[Data extracted from a collection]
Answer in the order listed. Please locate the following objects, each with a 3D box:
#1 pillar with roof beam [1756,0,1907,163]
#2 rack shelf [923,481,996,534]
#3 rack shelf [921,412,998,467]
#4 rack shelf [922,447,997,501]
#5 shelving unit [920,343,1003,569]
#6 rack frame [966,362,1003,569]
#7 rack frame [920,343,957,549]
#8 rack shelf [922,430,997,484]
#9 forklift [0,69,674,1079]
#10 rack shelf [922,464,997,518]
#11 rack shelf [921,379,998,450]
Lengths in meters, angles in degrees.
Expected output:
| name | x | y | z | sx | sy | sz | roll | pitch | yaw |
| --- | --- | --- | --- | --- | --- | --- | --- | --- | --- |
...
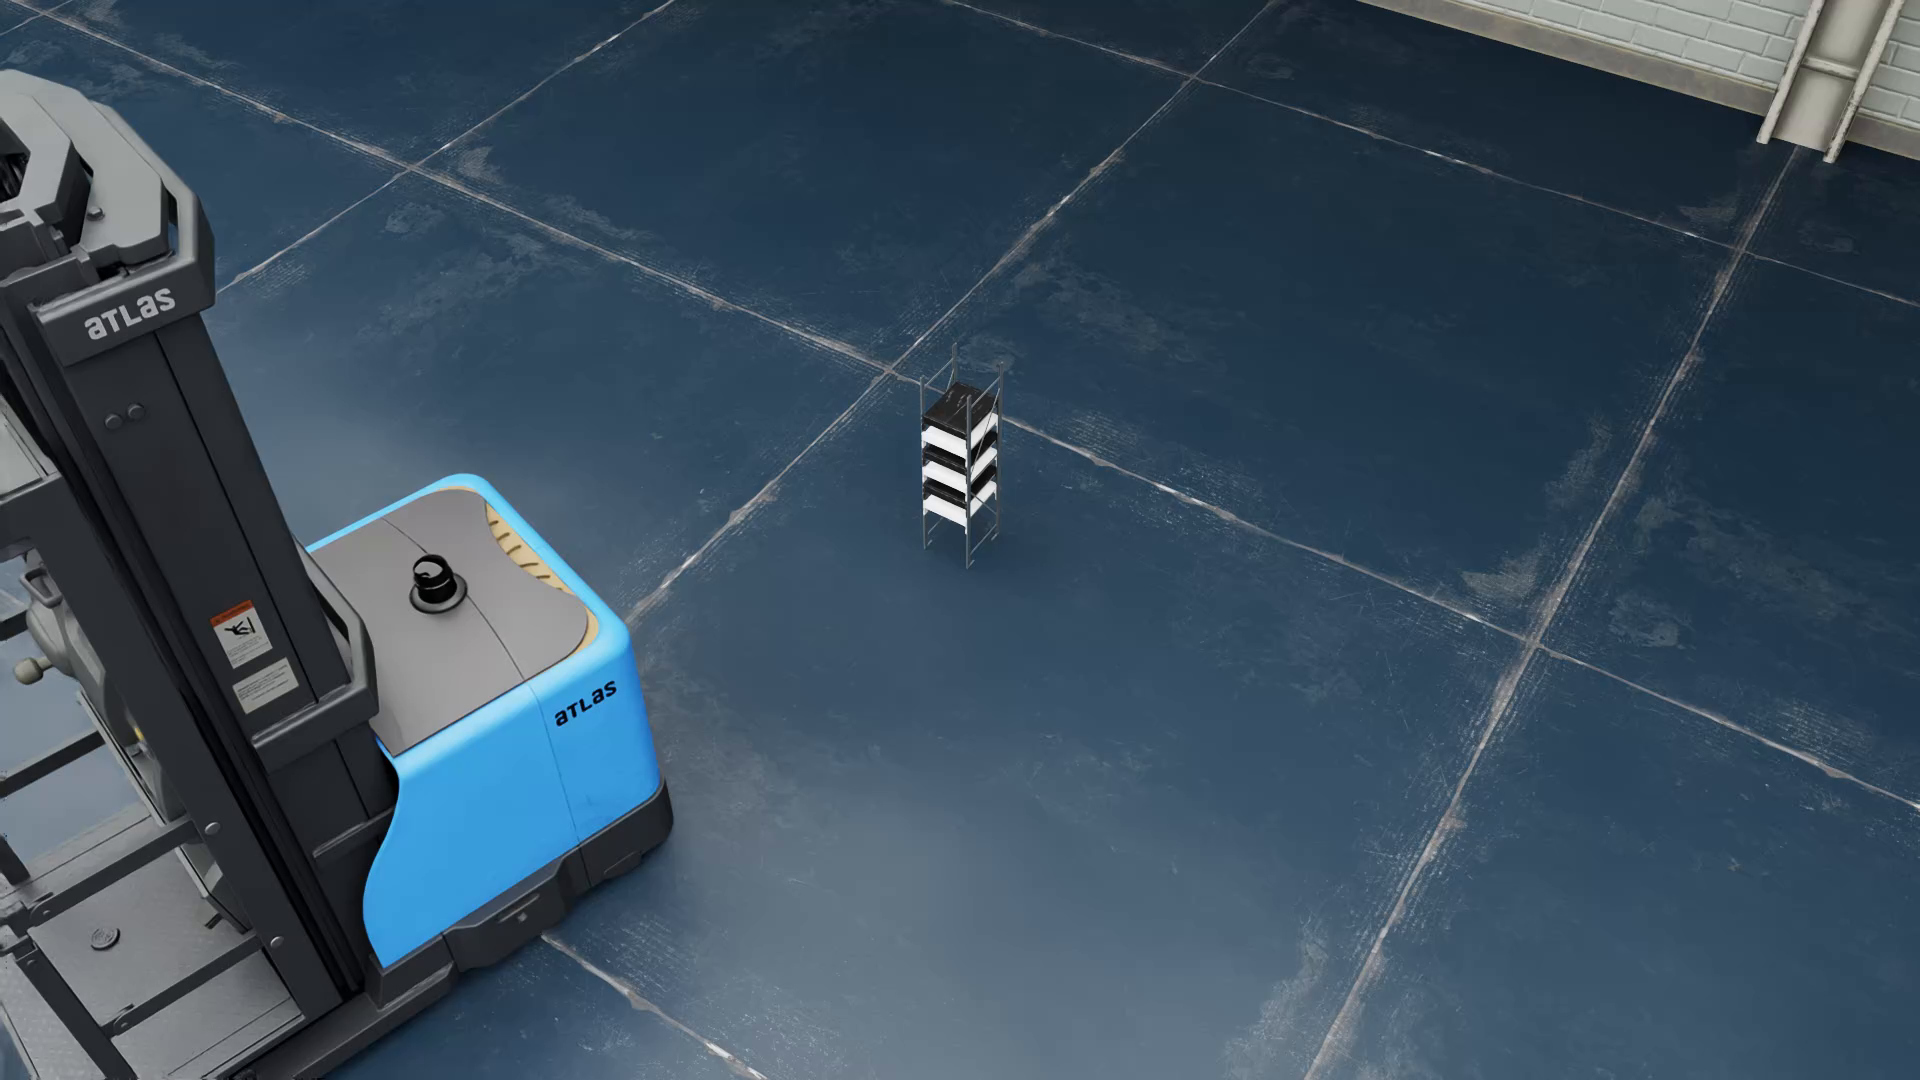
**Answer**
| name | x | y | z | sx | sy | sz | roll | pitch | yaw |
| --- | --- | --- | --- | --- | --- | --- | --- | --- | --- |
| pillar with roof beam | 2.138 | -2.665 | 3.065 | 0.400 | 9.000 | 9.100 | 25 | 51 | 22 |
| rack shelf | 0.007 | -0.162 | 6.577 | 0.200 | 0.077 | 0.258 | 25 | 51 | 22 |
| rack shelf | 0.007 | -0.413 | 6.319 | 0.200 | 0.077 | 0.258 | 25 | 51 | 22 |
| rack shelf | 0.007 | -0.287 | 6.448 | 0.200 | 0.077 | 0.258 | 25 | 51 | 22 |
| shelving unit | 0.007 | -0.310 | 6.424 | 0.210 | 0.900 | 0.258 | 25 | 51 | 22 |
| rack frame | 0.092 | -0.271 | 6.386 | 0.006 | 0.900 | 0.240 | 25 | 51 | 22 |
| rack frame | -0.079 | -0.350 | 6.462 | 0.006 | 0.900 | 0.240 | 25 | 51 | 22 |
| rack shelf | 0.007 | -0.350 | 6.384 | 0.200 | 0.077 | 0.258 | 25 | 51 | 22 |
| forklift | -2.427 | 0.434 | 4.285 | 3.031 | 2.935 | 1.130 | -32 | 54 | -27 |
| rack shelf | 0.007 | -0.225 | 6.513 | 0.200 | 0.077 | 0.258 | 25 | 51 | 22 |
| rack shelf | 0.007 | -0.475 | 6.254 | 0.200 | 0.077 | 0.258 | 25 | 51 | 22 |

◆ **What is being asked**
Return nothing except the lines from the line with "#10 rack shelf [922,464,997,518]" through the last line of the records above, copied exactly and without pictures.

◆ **Your solution**
#10 rack shelf [922,464,997,518]
#11 rack shelf [921,379,998,450]
Lengths in meters, angles in degrees.
Expected output:
| name | x | y | z | sx | sy | sz | roll | pitch | yaw |
| --- | --- | --- | --- | --- | --- | --- | --- | --- | --- |
...
**Answer**
| name | x | y | z | sx | sy | sz | roll | pitch | yaw |
| --- | --- | --- | --- | --- | --- | --- | --- | --- | --- |
| pillar with roof beam | 2.138 | -2.665 | 3.065 | 0.400 | 9.000 | 9.100 | 25 | 51 | 22 |
| rack shelf | 0.007 | -0.162 | 6.577 | 0.200 | 0.077 | 0.258 | 25 | 51 | 22 |
| rack shelf | 0.007 | -0.413 | 6.319 | 0.200 | 0.077 | 0.258 | 25 | 51 | 22 |
| rack shelf | 0.007 | -0.287 | 6.448 | 0.200 | 0.077 | 0.258 | 25 | 51 | 22 |
| shelving unit | 0.007 | -0.310 | 6.424 | 0.210 | 0.900 | 0.258 | 25 | 51 | 22 |
| rack frame | 0.092 | -0.271 | 6.386 | 0.006 | 0.900 | 0.240 | 25 | 51 | 22 |
| rack frame | -0.079 | -0.350 | 6.462 | 0.006 | 0.900 | 0.240 | 25 | 51 | 22 |
| rack shelf | 0.007 | -0.350 | 6.384 | 0.200 | 0.077 | 0.258 | 25 | 51 | 22 |
| forklift | -2.427 | 0.434 | 4.285 | 3.031 | 2.935 | 1.130 | -32 | 54 | -27 |
| rack shelf | 0.007 | -0.225 | 6.513 | 0.200 | 0.077 | 0.258 | 25 | 51 | 22 |
| rack shelf | 0.007 | -0.475 | 6.254 | 0.200 | 0.077 | 0.258 | 25 | 51 | 22 |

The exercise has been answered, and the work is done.